I don’t mean BETTER. That’s a different conversation. I mean cooler.
An old CRT display was literally a small scale particle accelerator, firing angry electron beams at light speed towards the viewers, bent by an electromagnet that alternates at an ultra high frequency, stopped by a rounded rectangle of glowing phosphors.
If a CRT goes bad it can actually make people sick.
That’s just. Conceptually a lot COOLER than a modern LED panel, which really is just a bajillion very tiny lightbulbs.
Sex toys and local multiplayer is a way better combination than cybersex and online matchmaking
Tell that to the furries. Every furry I know that has a VRChat avatar feels more at home with a VR headset strapped to their face.

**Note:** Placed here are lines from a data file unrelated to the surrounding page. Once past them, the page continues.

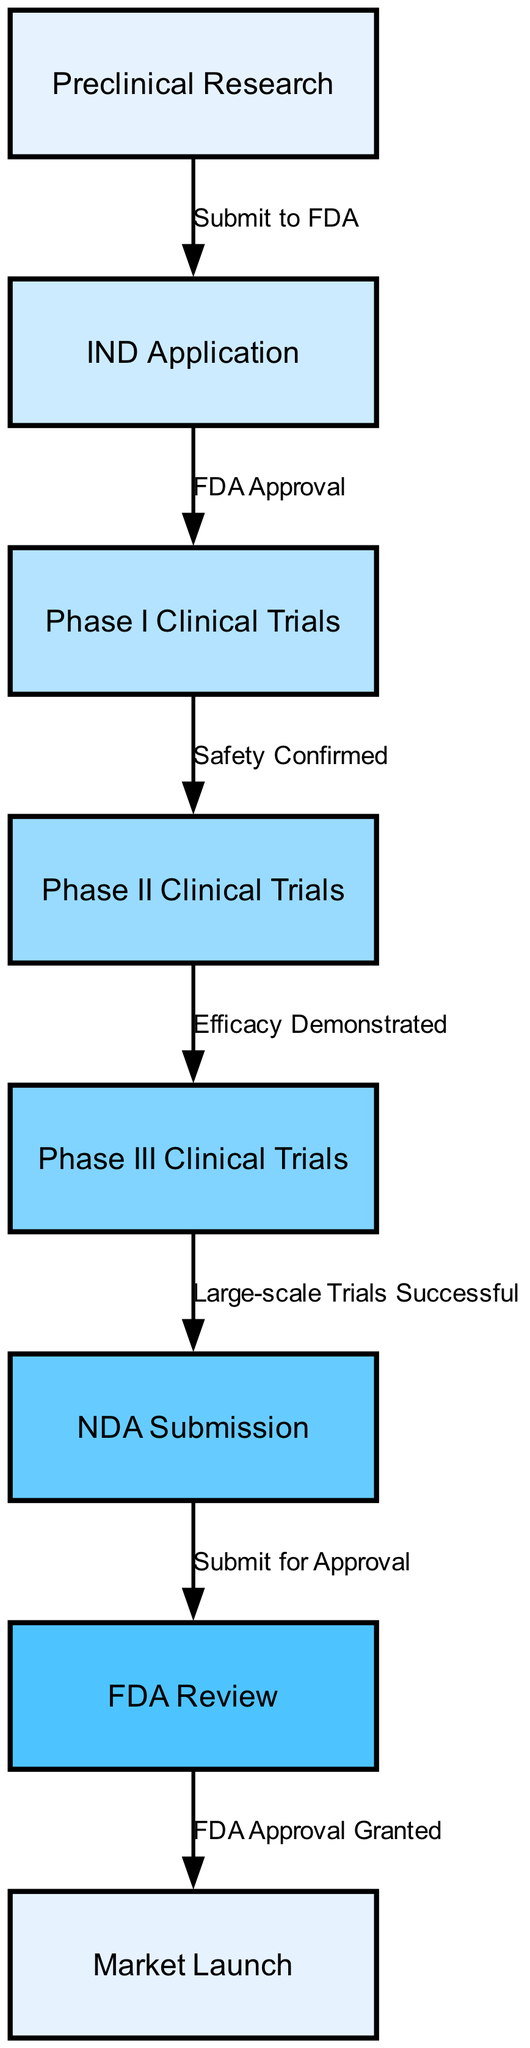What is the first step in the regulatory approval process? The first step is represented by the node labeled "Preclinical Research." This is where the process begins before any applications are made to the FDA.
Answer: Preclinical Research How many phases of clinical trials are there? The diagram indicates there are three distinct phases of clinical trials outlined: Phase I, Phase II, and Phase III. This is clearly shown as individual nodes in the flowchart.
Answer: Three What is the relationship between the "IND Application" and "Phase I Clinical Trials"? The relationship is indicated by the directed edge that connects "IND Application" to "Phase I Clinical Trials," labeled "FDA Approval," which signifies that the approval is necessary to move forward to clinical trials.
Answer: FDA Approval What is required after "Phase III Clinical Trials"? After Phase III Clinical Trials, the next step according to the diagram is "NDA Submission," which signifies the submission of the New Drug Application to the FDA for review.
Answer: NDA Submission Which step comes immediately after "FDA Review"? Immediately following "FDA Review" in the flowchart is "Market Launch," which represents the final step of the regulatory approval process, indicating the drug is available to the public after receiving approval.
Answer: Market Launch How many nodes are there in total in the diagram? The total number of nodes in the diagram is counted, and there are eight nodes representing different steps in the regulatory approval process for new pharmaceutical drugs.
Answer: Eight What must be demonstrated before advancing to "Phase III Clinical Trials"? Prior to advancing to "Phase III Clinical Trials," "Efficacy Demonstrated" must be established as indicated by the connection from "Phase II Clinical Trials" to "Phase III Clinical Trials."
Answer: Efficacy Demonstrated What confirms the safety of the drug after the first phase? The confirmation of the drug’s safety after "Phase I Clinical Trials" is indicated by the node labeled "Safety Confirmed," which shows that the initial clinical testing is successful before moving on.
Answer: Safety Confirmed Which node represents the final milestone before market launch? The final milestone before market launch is represented by the node "FDA Review," which is the last step prior to granting approval for the drug to be available in the market.
Answer: FDA Review

Furries and strap-ons seem to go hand in hand
I generally can’t be arsed with online multiplayer – Just as a concept.
But I made great memories with my cousins playing Wii/GameCube local multiplayer titles. Smash, Mario Kart, Sonic Adventure 2, et cetera.
I have never played a game with random strangers ever. But! My brother and sister both live hours away from me (and each other), and we keep in touch by playing online co-op games every week.

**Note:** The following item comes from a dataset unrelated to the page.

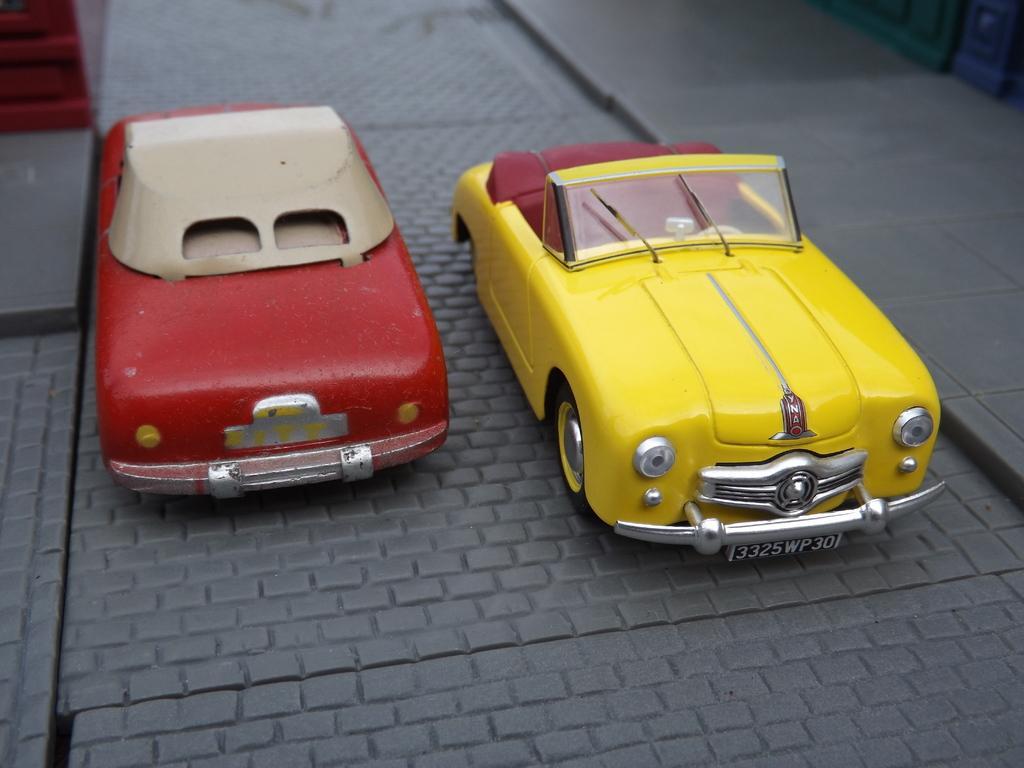Please provide a concise description of this image. In the image image we can see some toy cars.

I have a group of friends that I have mostly kept in touch with by playing online games too.
So I agree with what I think you meant, but I’m very glad online multiplayer exists in some form.
I mean. All my friends who match my freak live 120Km+ away from me and so I have played online games with them.
But man it’s just not the same as the experience of snacks, a beat up sofa, crowding around a television, yelling at each other, yanno?
Agreed!
I too like to play “Smash” with this guy’s cousins
But do you bond burger my sister?
Who said you can’t do it anymore?
Still trying to find a way to get microtransactions in there, but I’ve already got horse armour, thanks
cybersex and online matchmaking
For when your team literally gets fucked.